- Daniel Vorcaro, banqueiro, e o cunhado Fabiano Zettel foram transferidos na manhã desta quinta-feira para a Penitenciária 2 de Potim, no interior de São Paulo, a duzentos quilômetros de Guarulhos? (corrigir: 150 quilômetros) — após ficarem no Centro de Detenção Provisória de Guarulhos.
- A transferência ocorreu na sequência da terceira fase da operação Compliance Zero, da Polícia Federal, que investigava fraudes financeiras.
- Nesta etapa, houve a identificação de um esquema de monitoramento, coação e ameaça a desafetos de Vorcaro, além de invasões a sistemas sigilosos de informações de segurança pública e corrupção de servidores do Banco Central.
- Vorcaro e Zettel devem ficar em celas de isolamento antes de irem a um pavilhão comum, conforme o procedimento padrão; já saíram do CDP de Guarulhos trajados com uniformes do sistema prisional.
- A defesa de Vorcaro criticou a prisão, dizendo que ainda não teve acesso às provas e solicitou informações ao Supremo Tribunal Federal para assegurar o contraditório; a defesa de Zettel afirmou que ele está à disposição das autoridades.
Na manhã desta quinta-feira (5), o banqueiro Daniel Vorcaro e o cunhado Fabiano Zettel foram transferidos da prisão provisória de Guarulhos para a Penitenciária 2 de Potim, no interior de São Paulo. A mudança ocorreu após a prisão na terceira fase da operação Compliance Zero, da Polícia Federal, que investiga fraudes financeiras e ameaças a desafetos de Vorcaro.

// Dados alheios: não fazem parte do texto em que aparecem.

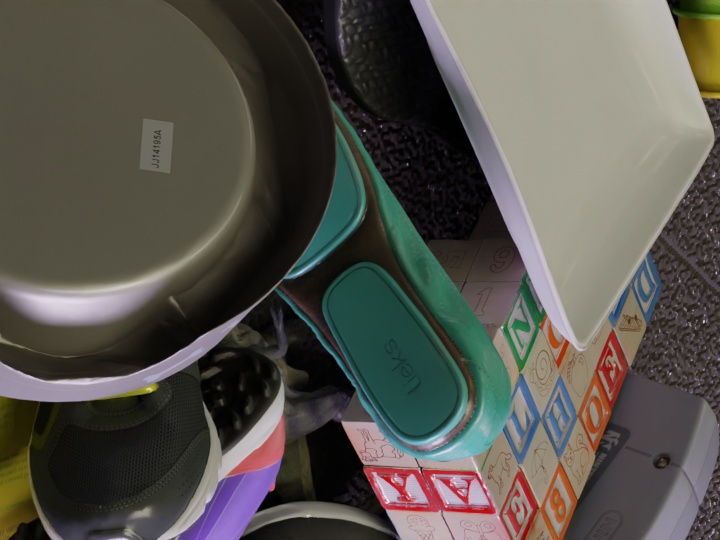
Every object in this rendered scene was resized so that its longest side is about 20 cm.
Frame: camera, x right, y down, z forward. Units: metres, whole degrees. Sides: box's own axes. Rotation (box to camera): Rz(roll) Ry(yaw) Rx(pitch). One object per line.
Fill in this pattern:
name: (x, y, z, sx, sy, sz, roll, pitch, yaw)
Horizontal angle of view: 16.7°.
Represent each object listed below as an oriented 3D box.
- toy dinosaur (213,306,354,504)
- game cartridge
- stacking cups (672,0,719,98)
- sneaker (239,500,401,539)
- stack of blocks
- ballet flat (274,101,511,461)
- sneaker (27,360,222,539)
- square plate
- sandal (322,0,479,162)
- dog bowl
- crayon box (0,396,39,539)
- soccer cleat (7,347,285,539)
toy dinosaur: (-0.027, 0.052, 1.097, 0.088, 0.047, 0.200, -45, 134, -23)
game cartridge: (0.078, 0.129, 1.158, 0.200, 0.133, 0.040, -50, 132, -22)
stacking cups: (0.184, -0.188, 1.226, 0.060, 0.060, 0.200, -18, 113, -41)
sneaker: (-0.043, 0.157, 1.053, 0.200, 0.099, 0.071, -4, 121, -39)
stack of blocks: (0.070, 0.036, 1.133, 0.200, 0.059, 0.115, -63, 141, -39)
ballet flat: (0.000, 0.000, 1.033, 0.067, 0.200, 0.070, -37, 155, 12)
sneaker: (-0.097, 0.020, 0.936, 0.200, 0.074, 0.085, -93, 172, -46)
square plate: (0.089, -0.096, 1.102, 0.198, 0.028, 0.200, -51, 123, -48)
sandal: (0.024, -0.098, 1.109, 0.075, 0.045, 0.200, -63, 150, -4)
dog bowl: (-0.112, -0.042, 0.888, 0.200, 0.200, 0.059, -39, 167, -31)
crayon box: (-0.182, 0.086, 0.940, 0.127, 0.051, 0.200, -16, 113, -42)
soccer cleat: (-0.088, 0.113, 0.973, 0.200, 0.068, 0.073, -51, 144, -43)
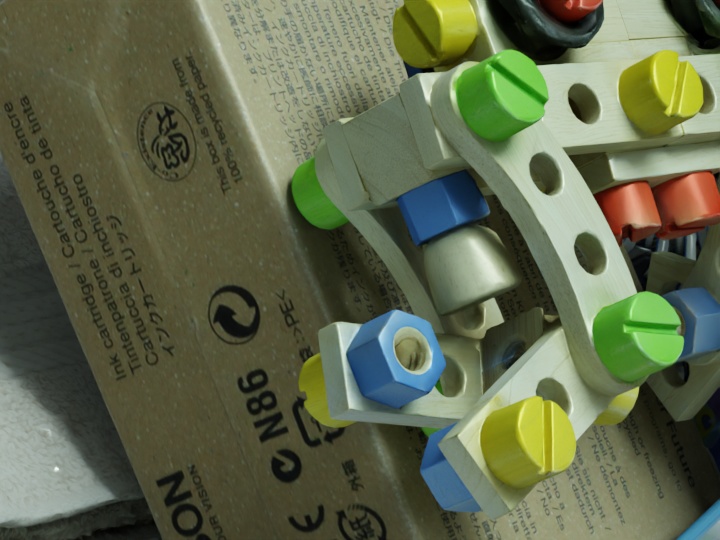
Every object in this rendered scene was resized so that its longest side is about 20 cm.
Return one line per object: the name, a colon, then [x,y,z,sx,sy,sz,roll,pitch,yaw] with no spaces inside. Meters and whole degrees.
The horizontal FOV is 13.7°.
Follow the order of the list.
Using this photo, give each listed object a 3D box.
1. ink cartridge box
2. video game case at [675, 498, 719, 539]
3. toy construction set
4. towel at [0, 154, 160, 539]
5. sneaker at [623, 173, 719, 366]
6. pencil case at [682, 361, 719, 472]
ink cartridge box: [0.000,0.000,0.781,0.165,0.075,0.200,-18,85,-59]
video game case: [0.135,0.156,0.760,0.143,0.018,0.200,-41,78,-17]
toy construction set: [0.062,-0.011,0.722,0.200,0.092,0.131,-1,70,-57]
towel: [-0.114,0.018,0.755,0.200,0.034,0.133,-10,55,-53]
sneaker: [0.092,-0.020,0.927,0.200,0.085,0.077,19,76,-48]
pencil case: [0.147,0.098,0.871,0.078,0.087,0.200,2,39,-9]
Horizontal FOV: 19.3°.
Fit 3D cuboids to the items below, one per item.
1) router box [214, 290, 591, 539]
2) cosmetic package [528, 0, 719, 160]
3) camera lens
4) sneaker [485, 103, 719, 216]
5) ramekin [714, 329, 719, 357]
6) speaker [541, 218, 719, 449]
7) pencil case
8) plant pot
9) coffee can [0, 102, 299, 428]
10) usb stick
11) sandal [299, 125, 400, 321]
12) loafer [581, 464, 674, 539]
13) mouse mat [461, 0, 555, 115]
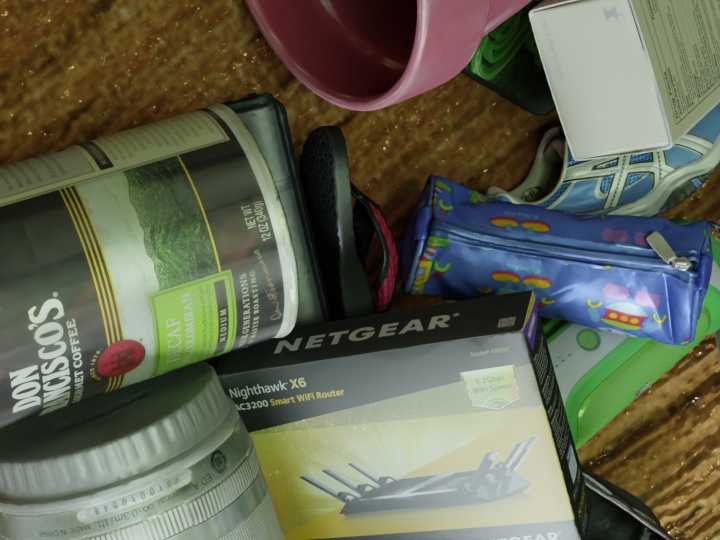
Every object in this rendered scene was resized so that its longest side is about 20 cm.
[{"bbox_3d":[0.027,0.105,1.295,0.199,0.052,0.158,-10,115,18],"label":"router box"},{"bbox_3d":[0.192,-0.154,1.331,0.200,0.073,0.104,-37,114,-49],"label":"cosmetic package"},{"bbox_3d":[-0.124,0.172,1.253,0.160,0.160,0.201,-22,106,-18],"label":"camera lens"},{"bbox_3d":[0.167,-0.071,1.383,0.200,0.076,0.077,-41,111,-11],"label":"sneaker"},{"bbox_3d":[0.315,0.008,1.397,0.105,0.200,0.201,12,93,-15],"label":"ramekin"},{"bbox_3d":[0.157,0.051,1.380,0.200,0.088,0.089,-38,111,-24],"label":"speaker"},{"bbox_3d":[0.124,-0.007,1.312,0.199,0.087,0.078,10,73,2],"label":"pencil case"},{"bbox_3d":[0.041,-0.215,1.253,0.179,0.200,0.201,-25,107,-30],"label":"plant pot"},{"bbox_3d":[-0.155,-0.002,1.221,0.199,0.146,0.147,-18,105,-19],"label":"coffee can"},{"bbox_3d":[-0.055,-0.012,1.320,0.055,0.033,0.201,-12,104,0],"label":"usb stick"},{"bbox_3d":[0.000,0.000,1.328,0.045,0.075,0.201,-16,112,-14],"label":"sandal"},{"bbox_3d":[0.129,0.152,1.409,0.200,0.063,0.072,25,87,-24],"label":"loafer"},{"bbox_3d":[0.104,-0.221,1.372,0.161,0.008,0.200,27,88,-24],"label":"mouse mat"}]
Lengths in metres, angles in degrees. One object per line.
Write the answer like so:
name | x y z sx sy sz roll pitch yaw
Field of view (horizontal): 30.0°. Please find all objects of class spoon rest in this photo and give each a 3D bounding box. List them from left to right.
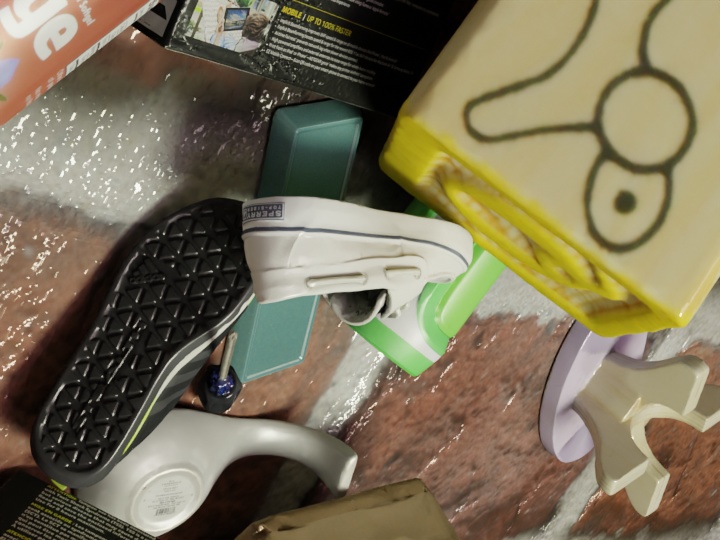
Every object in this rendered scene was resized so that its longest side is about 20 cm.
spoon rest | -0.100 0.133 0.905 0.198 0.061 0.100 1 119 -35

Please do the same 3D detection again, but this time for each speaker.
speaker | 0.070 -0.029 0.925 0.201 0.088 0.088 -53 146 0

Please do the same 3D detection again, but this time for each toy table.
toy table | 0.250 0.127 1.249 0.183 0.117 0.202 -33 142 -26

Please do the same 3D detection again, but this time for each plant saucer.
plant saucer | -0.043 -0.014 0.863 0.069 0.019 0.202 -16 132 -42

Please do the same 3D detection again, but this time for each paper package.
paper package | -0.040 0.252 0.970 0.189 0.104 0.200 -5 147 -47

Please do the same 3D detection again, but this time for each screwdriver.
screwdriver | -0.084 0.061 0.795 0.029 0.028 0.200 -28 171 -10

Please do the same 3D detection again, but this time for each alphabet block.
alphabet block | 0.145 -0.098 0.788 0.201 0.194 0.196 -53 178 -6

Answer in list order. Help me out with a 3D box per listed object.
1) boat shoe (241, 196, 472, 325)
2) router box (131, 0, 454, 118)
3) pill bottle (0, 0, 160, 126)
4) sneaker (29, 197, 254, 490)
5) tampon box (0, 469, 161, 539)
boat shoe | 0.000 0.000 0.797 0.199 0.073 0.066 7 80 -49
router box | -0.019 -0.174 0.717 0.199 0.051 0.151 8 112 -53
pill bottle | -0.140 -0.139 0.553 0.200 0.112 0.113 -42 145 -15
sneaker | -0.125 0.042 0.794 0.201 0.072 0.083 -50 175 -6
tampon box | -0.197 0.236 0.734 0.200 0.125 0.151 -55 170 -69
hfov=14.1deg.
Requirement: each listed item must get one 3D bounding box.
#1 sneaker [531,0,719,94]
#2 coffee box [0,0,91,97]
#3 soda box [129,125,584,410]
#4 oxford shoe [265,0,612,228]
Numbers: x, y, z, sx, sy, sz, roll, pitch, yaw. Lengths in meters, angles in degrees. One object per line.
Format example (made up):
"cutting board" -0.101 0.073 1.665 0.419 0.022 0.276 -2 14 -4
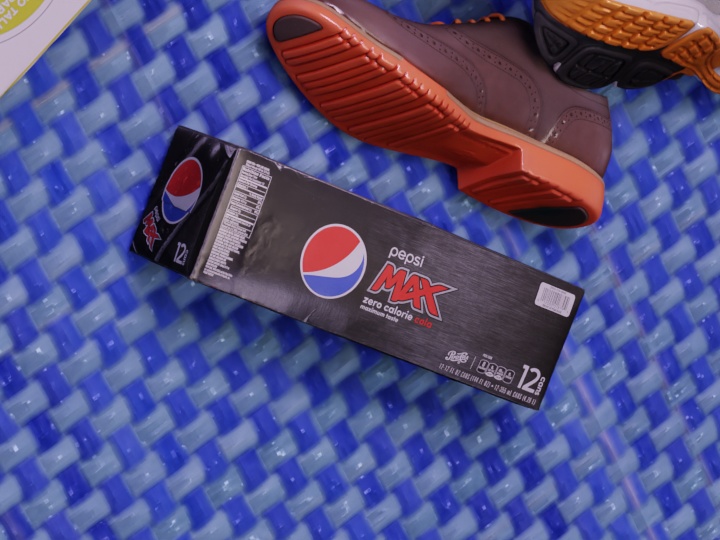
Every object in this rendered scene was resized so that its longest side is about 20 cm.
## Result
"sneaker" 0.145 -0.137 1.370 0.200 0.076 0.092 4 68 -47
"coffee box" -0.178 -0.202 1.102 0.200 0.200 0.198 -50 119 -12
"soda box" 0.000 0.000 1.321 0.200 0.071 0.064 22 90 -31
"oxford shoe" 0.038 -0.090 1.337 0.200 0.071 0.073 31 65 -36
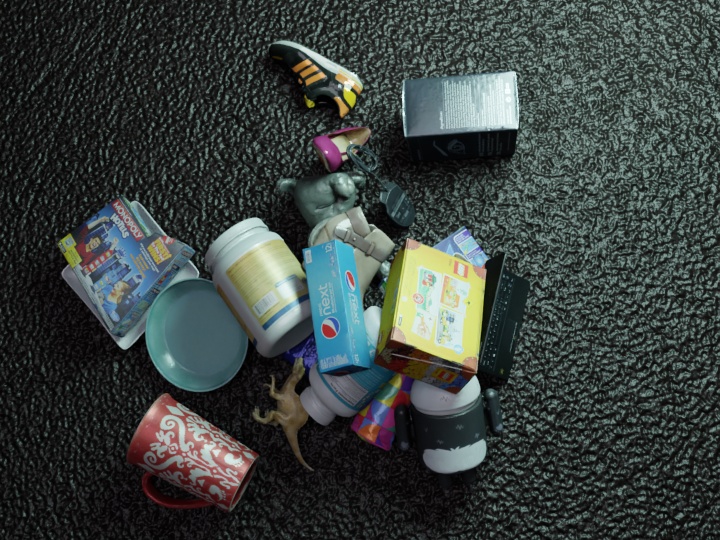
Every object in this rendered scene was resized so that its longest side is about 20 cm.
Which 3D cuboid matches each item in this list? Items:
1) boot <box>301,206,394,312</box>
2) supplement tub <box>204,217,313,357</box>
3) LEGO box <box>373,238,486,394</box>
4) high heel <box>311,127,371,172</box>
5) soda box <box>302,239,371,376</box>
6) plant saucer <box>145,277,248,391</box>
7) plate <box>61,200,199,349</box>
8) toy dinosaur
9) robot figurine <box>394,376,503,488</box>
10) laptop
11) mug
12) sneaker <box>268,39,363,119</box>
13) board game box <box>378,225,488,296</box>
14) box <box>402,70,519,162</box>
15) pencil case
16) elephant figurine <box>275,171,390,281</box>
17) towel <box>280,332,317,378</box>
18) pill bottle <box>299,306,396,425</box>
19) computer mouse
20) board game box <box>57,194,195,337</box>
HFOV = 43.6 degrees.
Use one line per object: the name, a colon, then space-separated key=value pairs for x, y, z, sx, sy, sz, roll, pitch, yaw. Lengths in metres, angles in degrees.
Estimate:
boot: x=0.000 y=0.000 z=1.530 sx=0.146 sy=0.070 sz=0.201 roll=-40 pitch=108 yaw=-2
supplement tub: x=-0.162 y=0.028 z=1.529 sx=0.144 sy=0.145 sz=0.201 roll=-37 pitch=76 yaw=0
LEGO box: x=0.113 y=0.070 z=1.427 sx=0.146 sy=0.077 sz=0.203 roll=21 pitch=52 yaw=-11
high heel: x=-0.030 y=-0.226 z=1.575 sx=0.095 sy=0.200 sz=0.068 roll=-33 pitch=99 yaw=7
soda box: x=-0.037 y=0.061 z=1.426 sx=0.063 sy=0.068 sz=0.205 roll=-15 pitch=73 yaw=23
plant saucer: x=-0.289 y=0.113 z=1.615 sx=0.195 sy=0.036 sz=0.205 roll=1 pitch=95 yaw=11
plate: x=-0.423 y=0.009 z=1.670 sx=0.200 sy=0.032 sz=0.200 roll=-44 pitch=77 yaw=-1
toy dinosaur: x=-0.131 y=0.253 z=1.561 sx=0.099 sy=0.058 sz=0.205 roll=2 pitch=99 yaw=27
robot figurine: x=0.147 y=0.253 z=1.491 sx=0.123 sy=0.149 sz=0.205 roll=10 pitch=115 yaw=47
laptop: x=0.238 y=0.081 z=1.477 sx=0.102 sy=0.198 sz=0.181 roll=7 pitch=78 yaw=48
mug: x=-0.288 y=0.333 z=1.569 sx=0.197 sy=0.179 sz=0.134 roll=27 pitch=48 yaw=7
sneaker: x=-0.096 y=-0.353 z=1.668 sx=0.197 sy=0.070 sz=0.091 roll=27 pitch=81 yaw=9
board game box: x=0.144 y=0.028 z=1.542 sx=0.198 sy=0.035 sz=0.136 roll=-31 pitch=79 yaw=-28
box: x=0.175 y=-0.267 z=1.578 sx=0.195 sy=0.148 sz=0.107 roll=-2 pitch=80 yaw=7
pencil case: x=0.060 y=0.205 z=1.547 sx=0.087 sy=0.088 sz=0.203 roll=28 pitch=85 yaw=11
elephant figurine: x=-0.041 y=-0.068 z=1.592 sx=0.153 sy=0.140 sz=0.205 roll=-2 pitch=96 yaw=36
towel: x=-0.093 y=0.100 z=1.606 sx=0.198 sy=0.050 sz=0.149 roll=34 pitch=80 yaw=11
pill bottle: x=-0.011 y=0.164 z=1.494 sx=0.200 sy=0.111 sz=0.111 roll=-45 pitch=77 yaw=13
computer mouse: x=0.032 y=-0.147 z=1.579 sx=0.034 sy=0.201 sz=0.059 roll=2 pitch=51 yaw=47
board game box: x=-0.411 y=-0.022 z=1.627 sx=0.198 sy=0.062 sz=0.202 roll=-35 pitch=77 yaw=-1
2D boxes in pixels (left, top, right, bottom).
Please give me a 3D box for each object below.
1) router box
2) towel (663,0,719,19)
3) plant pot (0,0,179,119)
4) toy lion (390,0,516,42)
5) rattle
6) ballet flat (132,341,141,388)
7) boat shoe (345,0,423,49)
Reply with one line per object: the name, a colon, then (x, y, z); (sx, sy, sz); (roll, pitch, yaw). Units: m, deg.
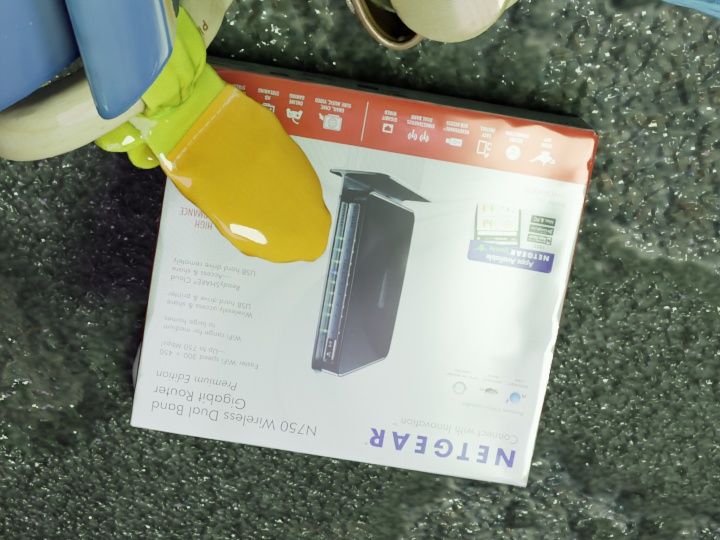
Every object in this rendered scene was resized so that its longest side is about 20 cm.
router box: (0.000, 0.000, 0.869); (0.199, 0.049, 0.180); (9, 102, -4)
towel: (0.157, -0.158, 0.739); (0.199, 0.049, 0.112); (16, 122, -18)
plant pot: (-0.165, -0.168, 0.678); (0.179, 0.200, 0.200); (-5, 133, 2)
toy lion: (0.016, -0.213, 0.648); (0.191, 0.069, 0.200); (34, 117, 3)
rattle: (-0.126, -0.065, 0.819); (0.200, 0.131, 0.143); (-14, 143, 31)
ballet flat: (-0.074, 0.041, 0.967); (0.069, 0.070, 0.200); (24, 132, -18)
boat shoe: (0.017, -0.178, 0.734); (0.075, 0.072, 0.200); (-3, 135, 8)

Os dois, presos com mais duas pessoas, permaneceram na penitenciária guarulhense na noite anterior e foram levados em veículo adaptado da Secretaria de Administração Penitenciária (SAP) para a unidade no interior, a cerca de 150 quilômetros de Guarulhos. A transferência ocorreu sem divulgação de horário exato pela pasta.
Vorcaro e Zettel devem initially permanecer em celas de isolamento, como etapa de adaptação, antes de serem encaminhados a um pavilhão do regime fechado. A expectativa era de que a unidade inicialmente escolhida fosse Tremembé, mas o governo de São Paulo alterou o destino para Potim.
Defesa critica prisão
A defesa de Vorcaro solicitou à Polícia Federal dados sobre as mensagens mencionadas na investigação e sobre a existência de um grupo supostamente responsável por coagir testemunhas e jornalistas. Também pediu informações sobre invasões de sistemas públicos e pagamentos citados no inquérito.
Os advogados pleiteiam ainda a identificação de documentos que sustentem o bloqueio de R$ 2,2 bilhões atribuídos ao pai de Vorcaro, para assegurar o direito ao contraditório e à ampla defesa. Em nota, a defesa afirmou que Vorcaro tem colaborado com as autoridades e aguarda acesso pleno aos elementos do processo.
A defesa de Zettel reiterou que o empresário está à disposição das autoridades, mesmo sem acesso aos objetos de investigação. As informações sobre o andamento do caso devem orientar as próximas etapas das apurações.